The things we carry are also intangible. These are more important. These are the memories and the stories we carry. These are the things no one can take from us. They require no luggage, no extra plane space. They are fibers of our being, woven from experience and shared over cups of tea, pints of beer, and slices of pizza. These things are irreplaceable.
The stories. It’s the STORIES that make the THINGS we carry so important. Stories are embedded within the things in our lives. We all carry stories and ultimately it’s stories that connect us to place and things and the stories connected to those places and things draw us back and make it so hard to part.
Things don’t matter. They’re just things. This is true. Stuff can always, always be replaced. It can be given away, stolen, cast aside, destroyed or enshrined. Stuff is just stuff. But the stories connected to those things live forever. I will always see the small, crystal serving dish my grandmother served canned cranberry sauce from every Thanksgiving and think of her. My mother now serves canned cranberry sauce from it. The thing itself is worthless. If it broke I would be sad because it is a tangible connection to my grandmother and Thanksgivings past. BUT the STORY is always there, in my memory and the memories of all nine of us cousins. When the dish itself is dust the story will be here, circulating from the mouths of our children, grandchildren, nieces and nephews.
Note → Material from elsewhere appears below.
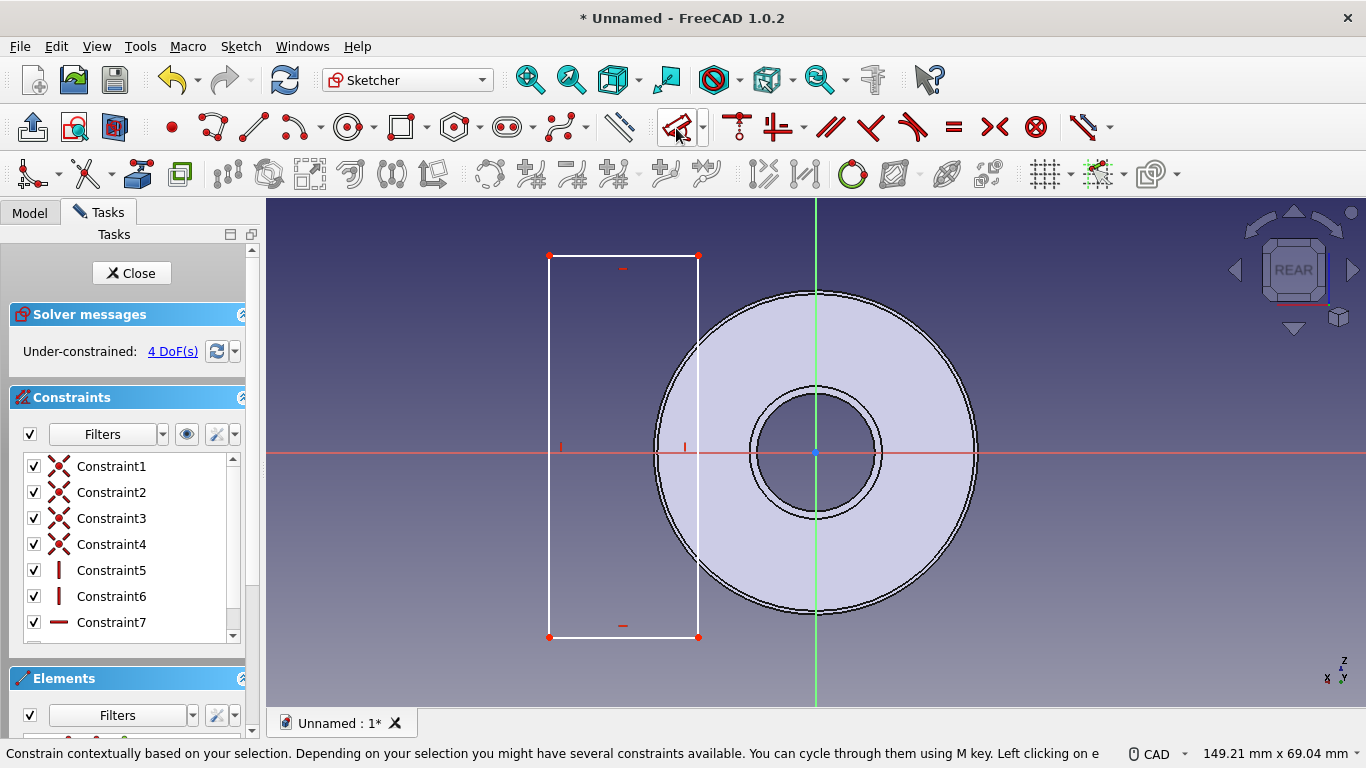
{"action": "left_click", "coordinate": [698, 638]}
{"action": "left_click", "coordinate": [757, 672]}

Do you see WHY that old plastic stirring spoon you couldn’t throw out after your great uncle died means so much? It’s not a bit of plastic; it’s a conduit for memory. It’s a portkey for story. We don’t deliberate over boxes of things to sell, store, or carry for fun. It’s not beer and skittles when it comes to downsizing. It’s arduous and heartbreaking. Yes, we always have the stories but the things are the grounding wire, the roots to our ever expanding branches of memory. To have the THING, be it actual, representational, or pictorial, is to have something to touch and transport. Think of the china, the platters, the plastic spoons as time capsules, not stuff to be tossed after your death.
And should the time come when you must leave everything behind, don’t bemoan the fact you’ve lost stuff. Mourn, yes. It’s necessary and cathartic. Then remember. Remember the stories connected to those things. THAT’S what is so important about the things we carry. That is why we carry them in the first place.
What do YOU carry, Dear Reader? You’ve mentioned things that root and ground you. Some of you have even told me you’ve left everything before but kept those things that rooted you to the past and acted as anchors for the future. Think of the stories. What do you carry?